--- DATA EXTRACT ---
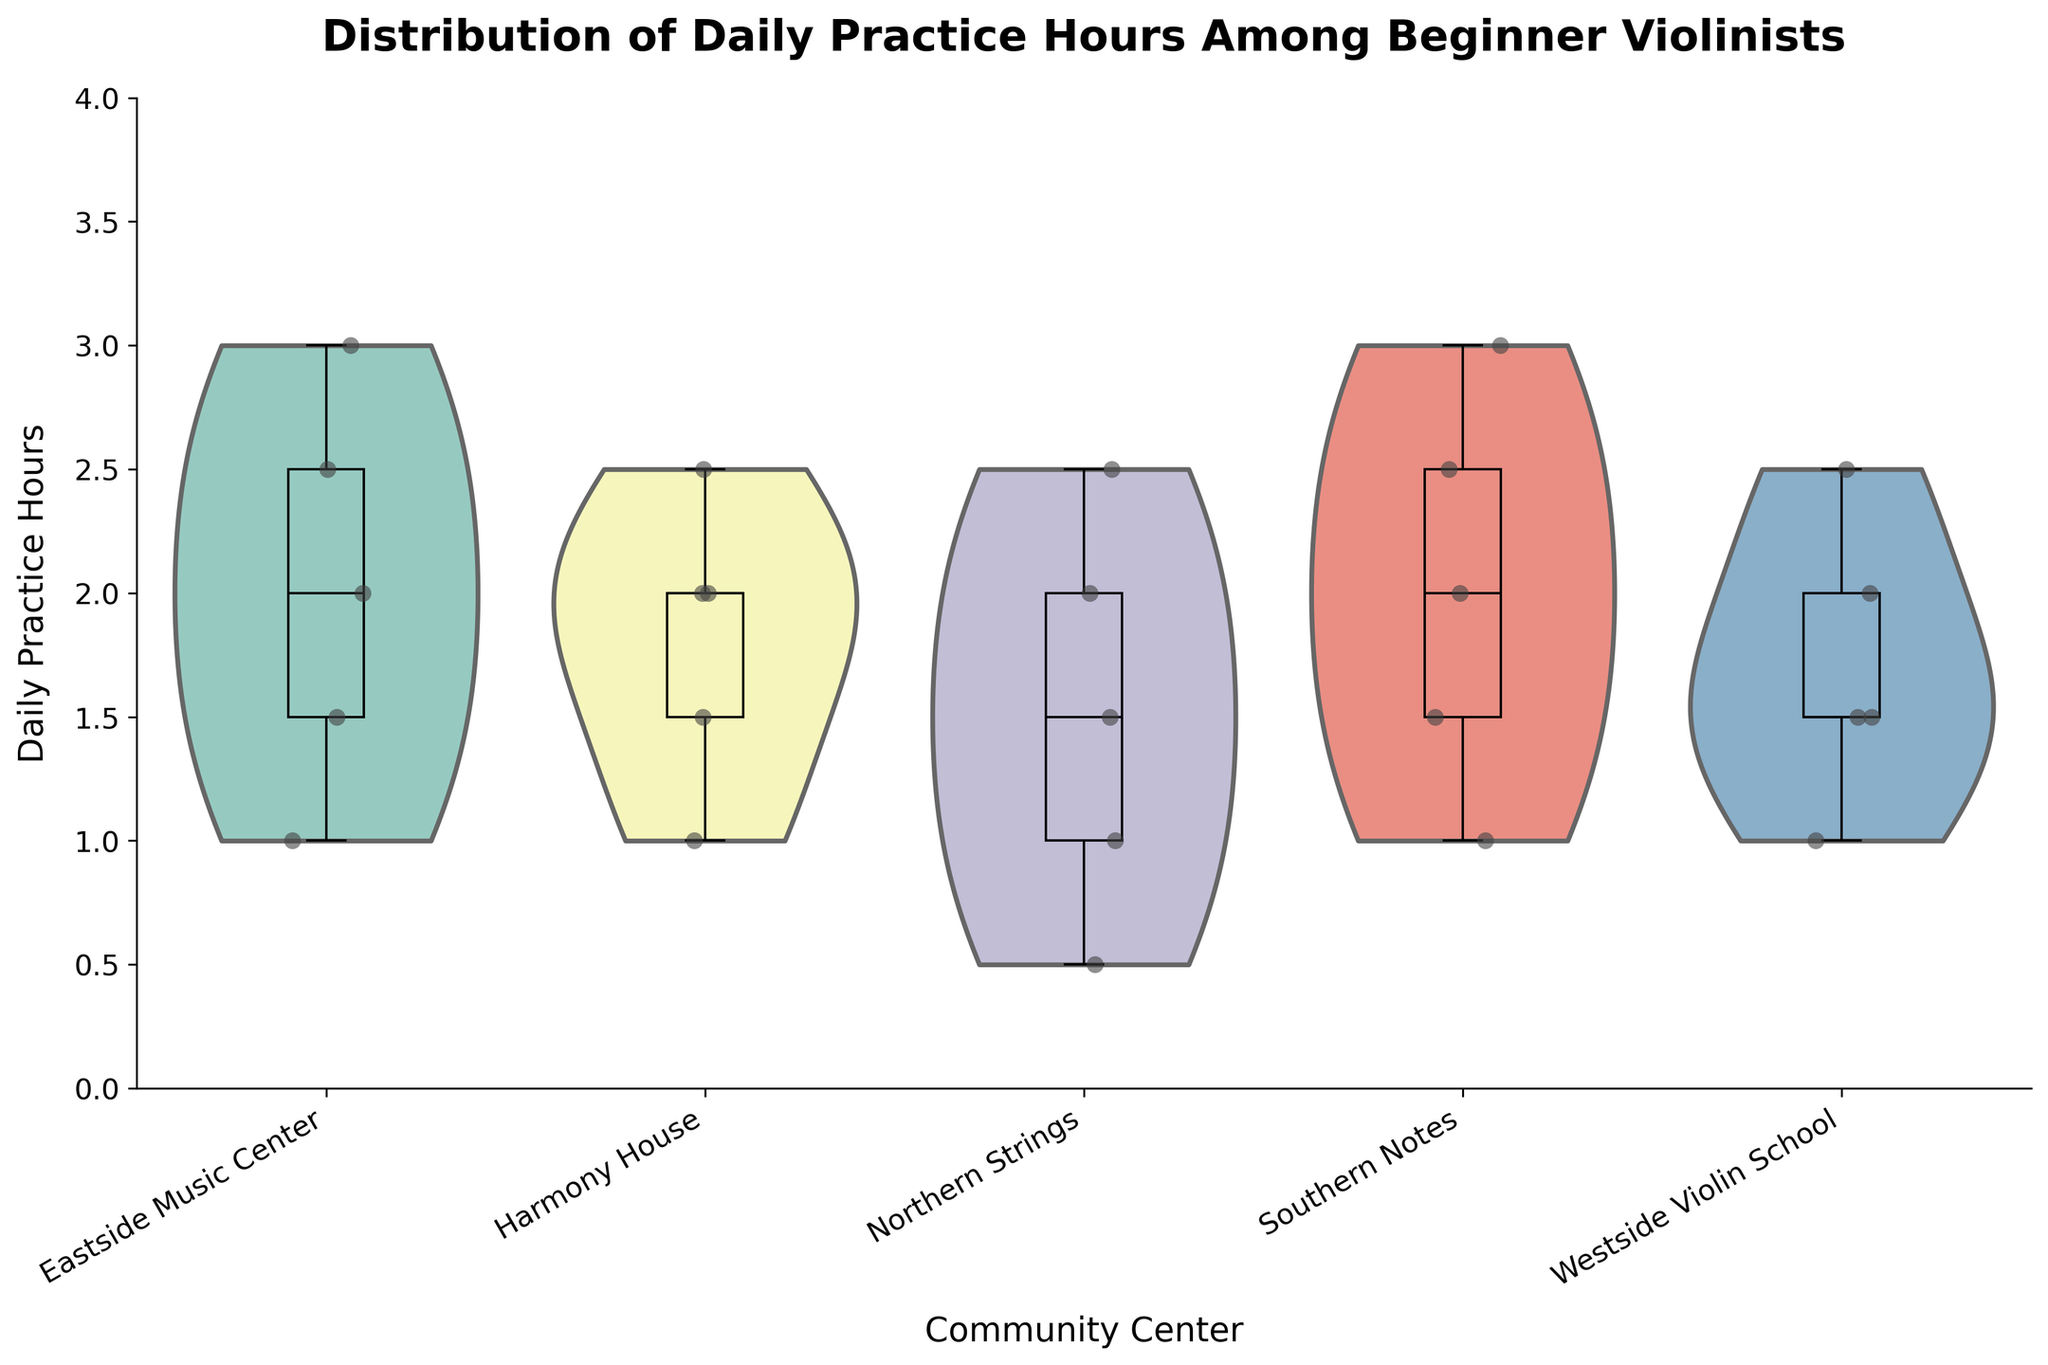What is the title of the figure? The title is usually positioned at the top of the figure, and it is often the largest text for easy identification. In this case, the title "Distribution of Daily Practice Hours Among Beginner Violinists" is visible at the top.
Answer: Distribution of Daily Practice Hours Among Beginner Violinists How many community centers are represented in the figure? To find the number of categories on the x-axis, look for the unique labels. The figure has five x-axis labels, one for each community center.
Answer: Five Which community center has the widest range of daily practice hours? Identify the length of the box in the box plot. Northern Strings shows the widest range as its box extends from around 0.5 to 2.5 hours.
Answer: Northern Strings What is the median daily practice hour at Harmony House? The median is the line inside the box of the box plot. For Harmony House, the median line is at 2 hours.
Answer: 2 hours Which community center has the highest maximum daily practice hours? Identify the top edge of the whiskers in the box plot. Southern Notes and Eastside Music Center both have their top whisker at 3 hours.
Answer: Southern Notes and Eastside Music Center What is the interquartile range (IQR) of daily practice hours at Westside Violin School? The IQR is the range within the box from Q1 to Q3. At Westside Violin School, Q1 is at 1.5 hours, and Q3 is at 2 hours. IQR = Q3 - Q1 = 2 - 1.5 = 0.5 hours.
Answer: 0.5 hours Which community center shows the least variability in daily practice hours? Identify the box with the smallest vertical span. Westside Violin School has the smallest vertical span, indicating the least variability.
Answer: Westside Violin School How do the distributions of daily practice hours at Harmony House and Eastside Music Center compare in terms of symmetry? Look at the shape of the violin plots for symmetry. Harmony House’s violin plot is roughly symmetric, while Eastside Music Center's appears slightly skewed to the right.
Answer: Harmony House is symmetric, Eastside Music Center is slightly skewed right

--- REQUIRED ACTION ---
The records are given above. Copy each line in them that holds "skewed".

--- RESULT BELOW ---
Answer: Westside Violin School How do the distributions of daily practice hours at Harmony House and Eastside Music Center compare in terms of symmetry? Look at the shape of the violin plots for symmetry. Harmony House’s violin plot is roughly symmetric, while Eastside Music Center's appears slightly skewed to the right.
Answer: Harmony House is symmetric, Eastside Music Center is slightly skewed right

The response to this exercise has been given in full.